Le texte est un millefeuille

LE TEXTE EST UN MILLEFEUILLE

(1991)

par le collectif Soleils & Cendre

Tu vas lire. Attends. Il faut t'y préparer car c'est à l'aventure que tu pars. Tu es toi, mais plus seulement toi. Tu es le personnage, l'homme, la femme. Ou le héros. Mais c'est toi quand même. Et en même temps celui qui trace le texte sur la feuille.

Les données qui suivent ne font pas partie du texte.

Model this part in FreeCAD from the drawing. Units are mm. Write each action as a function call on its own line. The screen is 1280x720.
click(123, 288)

Ta lecture le recompose, le réécrit, l'enrichit de ton regard neuf. Tu choisis le lecteur que tu seras. Voilà. C'est fait? Alors tu peux commencer à lire.

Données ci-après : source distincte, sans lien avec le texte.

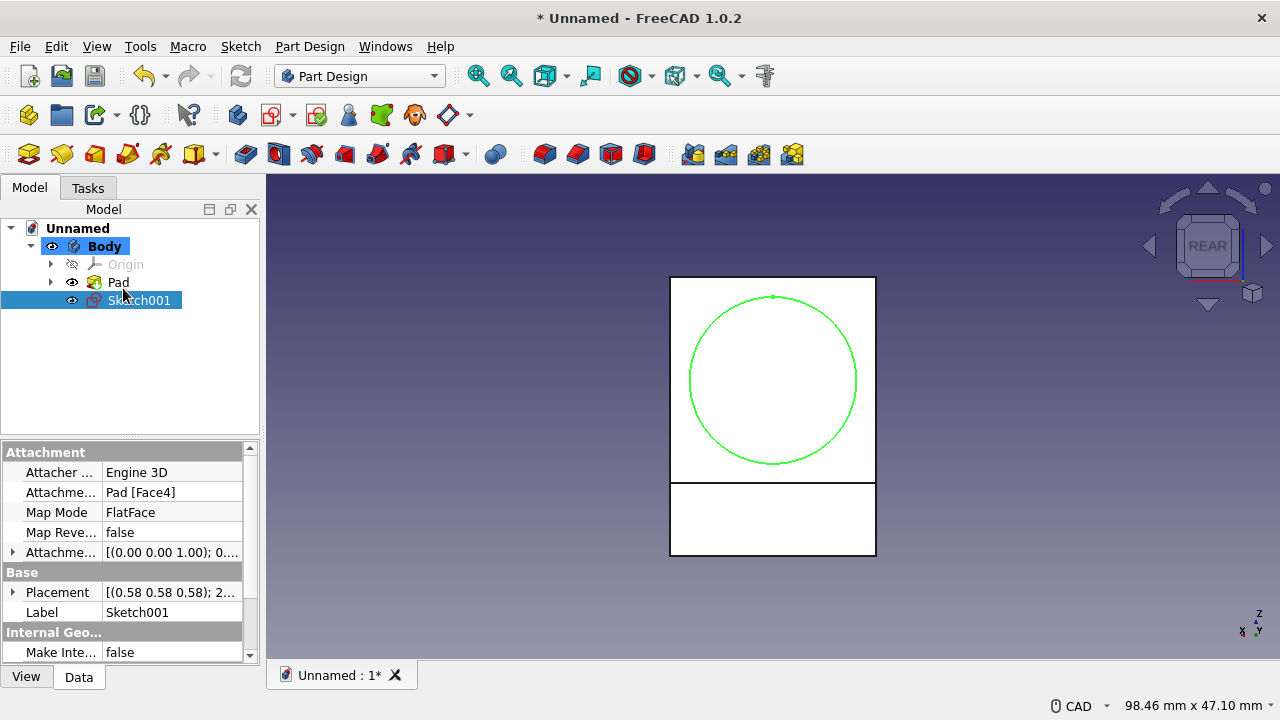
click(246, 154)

Mais il y a plusieurs manières.

Imagine: tu te présentes devant le texte les yeux fermés. Ouvre les brusquement et aussitôt referme-les. Quelques mots ont atteint ta rétine. Par inadvertance. Faisant naître des images.

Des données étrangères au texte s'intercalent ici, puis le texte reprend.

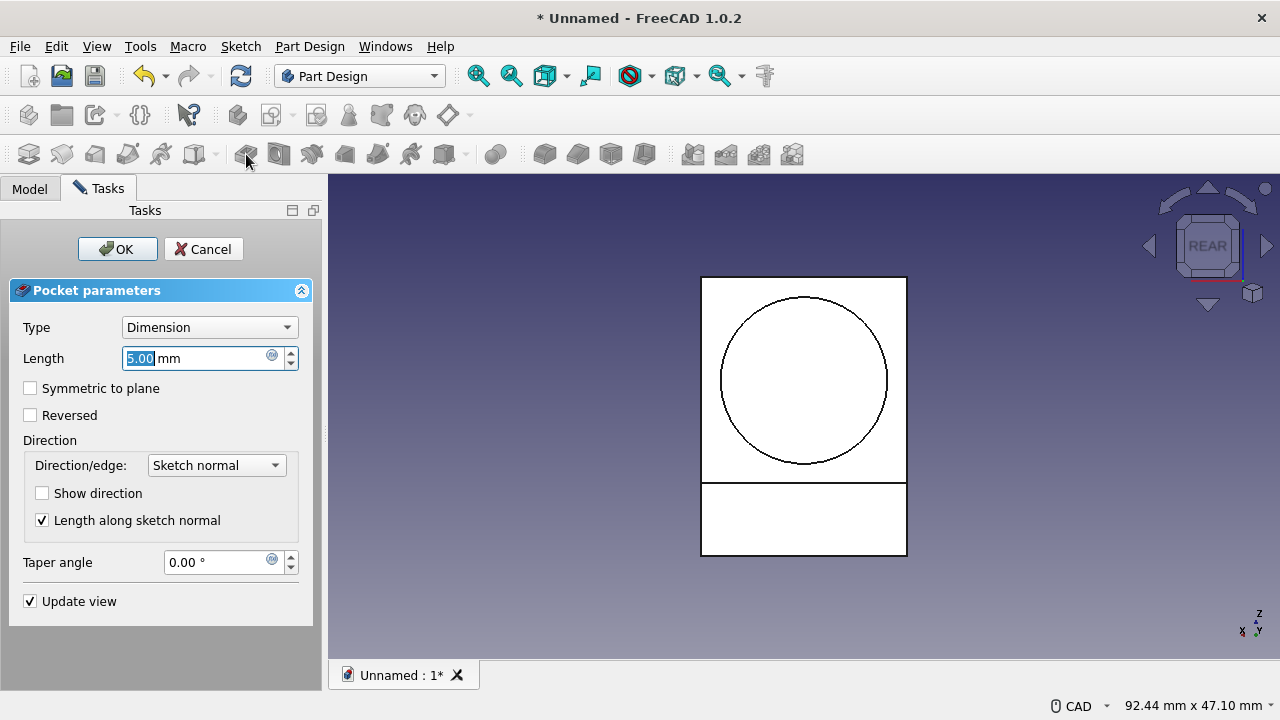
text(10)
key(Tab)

Ou bien : tu ne lis la première fois que pour le plaisir de tes yeux. Accepte de parcourir la matière des mots. Ils cheminent, culminent, s'animent. Des mots t'accrochent, drainent ta mémoire. Des images surgissent qui, un temps peut-être, cacheront le texte. Laisse les faire. Livrés à l'aventure des yeux, les mots revendiquent une vie autonome.

Toujours, prends le texte comme un ami, une personne de connivence. Espère qu'il te fasse un clin d'oeil: il est là pour cela. Provoque le: il n'attend que cela. Ca y est. C'est fait.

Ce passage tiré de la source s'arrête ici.